Selected Papers in 2023–2024 in the “Polymer Membranes and Films” Section

In recent years, research within the “Polymer Membranes and Films” Section has increasingly reflected a convergence of molecular engineering, interfacial design, and processing innovation aimed at achieving both performance enhancement and environmental responsibility. The selected papers illustrate this trajectory across diverse material platforms, ranging from functional membranes and bio-based composites to surface-engineering coatings and supramolecular solvent systems. Together, they highlight how structural control—from nanoscale assemblies to macroscale film architectures—can be strategically leveraged to tune transport behavior, durability, stability, and multifunctionality. This editorial provides integrated overview and identifies overarching scientific themes and emerging methodological needs, including the refinement of structure–property relationships, improved scalability of fabrication techniques, and the incorporation of sustainability and life-cycle criteria into next-generation polymer technologies.

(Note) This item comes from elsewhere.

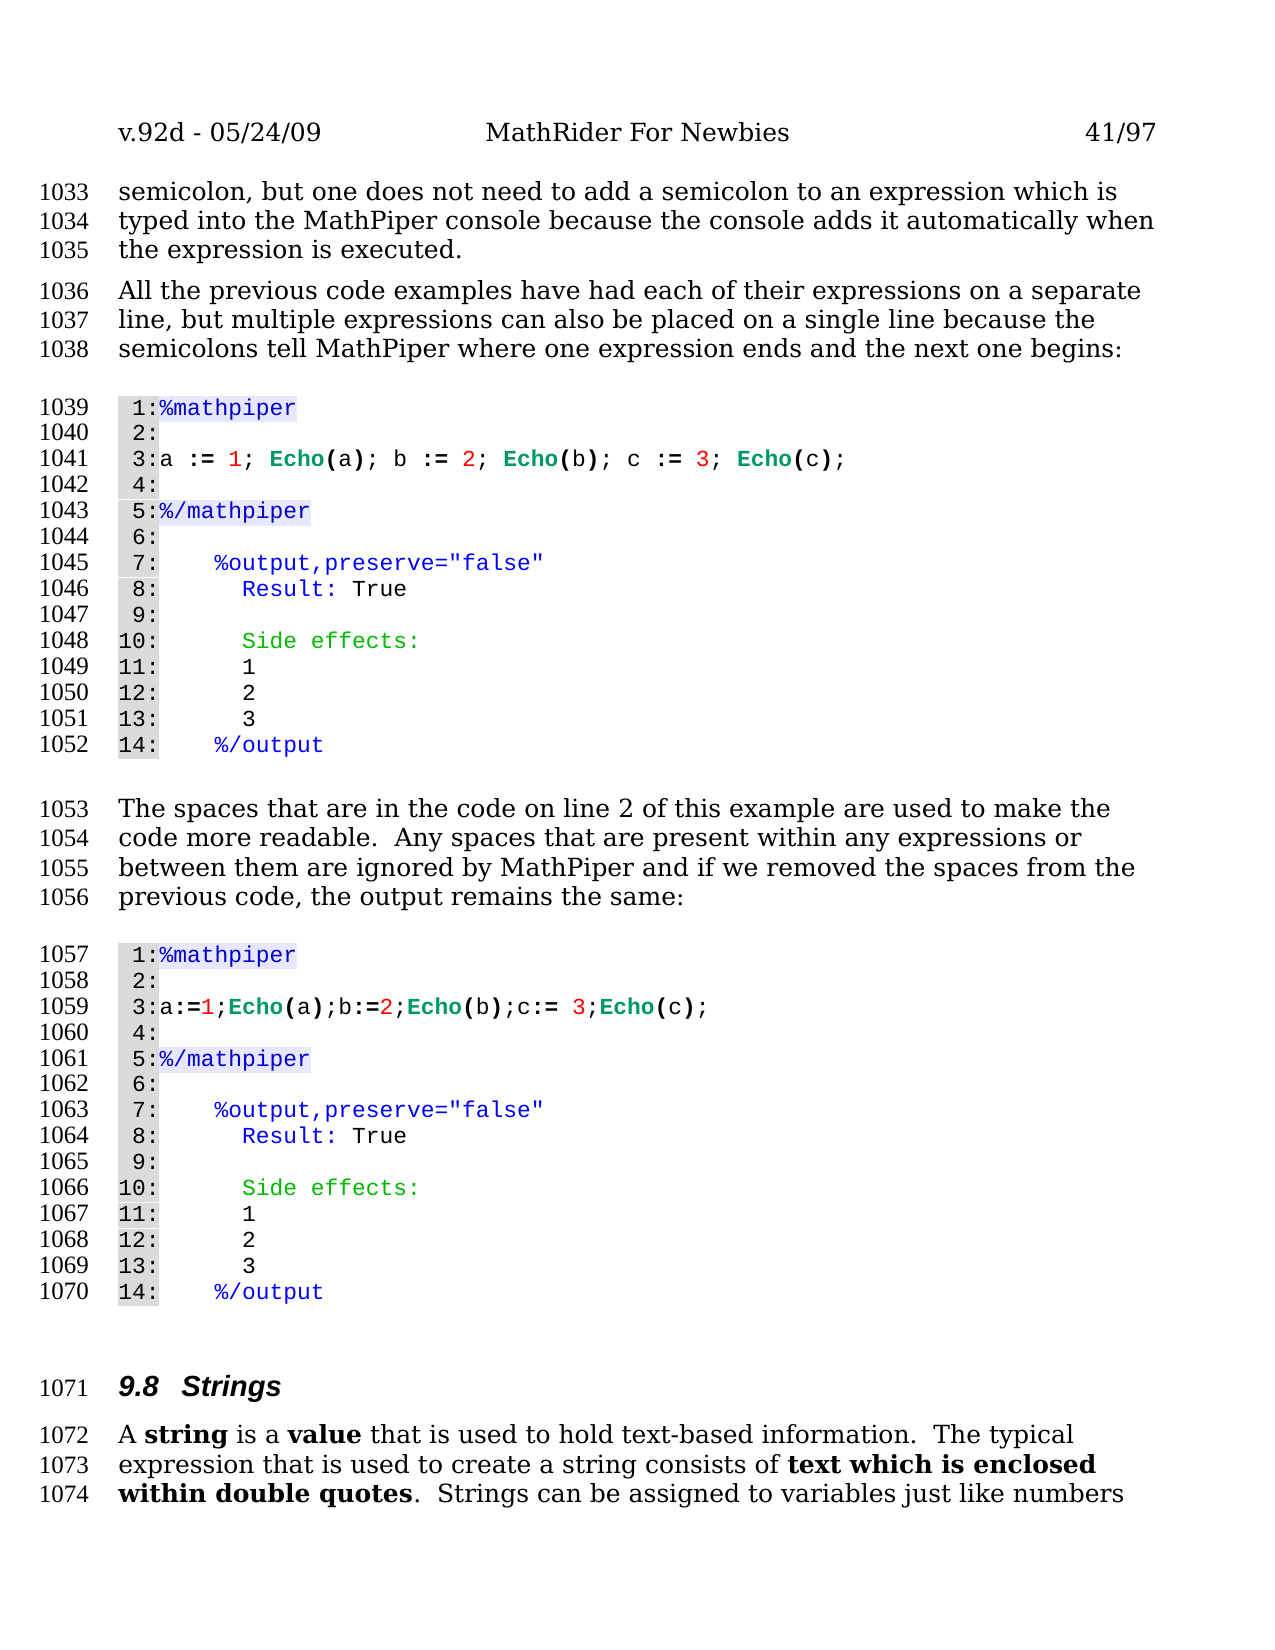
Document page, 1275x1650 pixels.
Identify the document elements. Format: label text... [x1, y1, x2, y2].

“Coating Materials to Increase the Stability of Liposomes” [1] reviews the design principles and materials strategies used to enhance the physical and chemical stability of liposomes for drug, nutraceutical, and food applications. The article outlines how fragile phospholipid bilayers suffer from thermal degradation, light-induced oxidation, pH variations, and enzymatic breakdown, and it organizes how coating materials—from saccharides and polysaccharides to proteins, polymers, and hybrid multilayers—modulate membrane rigidity, permeability, and gastrointestinal resistance. Drawing on comparisons across chitosan, alginate, pectin, whey protein, polyethylene glycol (PEG), and other functional biopolymers, the review shows how surface engineering extends circulation time, improves encapsulation efficiency, and enables controlled or site-specific release. It further highlights how polymer–lipid interactions, electrostatic layer-by-layer assembly, and structural modifications (e.g., PEG alternatives and chitosan derivatives) allow fine-tuning of release behavior and biological interactions, while identifying challenges such as coating uniformity and cytotoxicity. Recent directions include multi-component shell design for enhanced gastric survival, natural macromolecule coatings for PEG-free stabilization, and applications in both pharmaceuticals and functional foods. Overall, the review positions coated liposomes as a versatile platform for next-generation delivery systems and outlines key considerations for translating coating strategies into industrial products.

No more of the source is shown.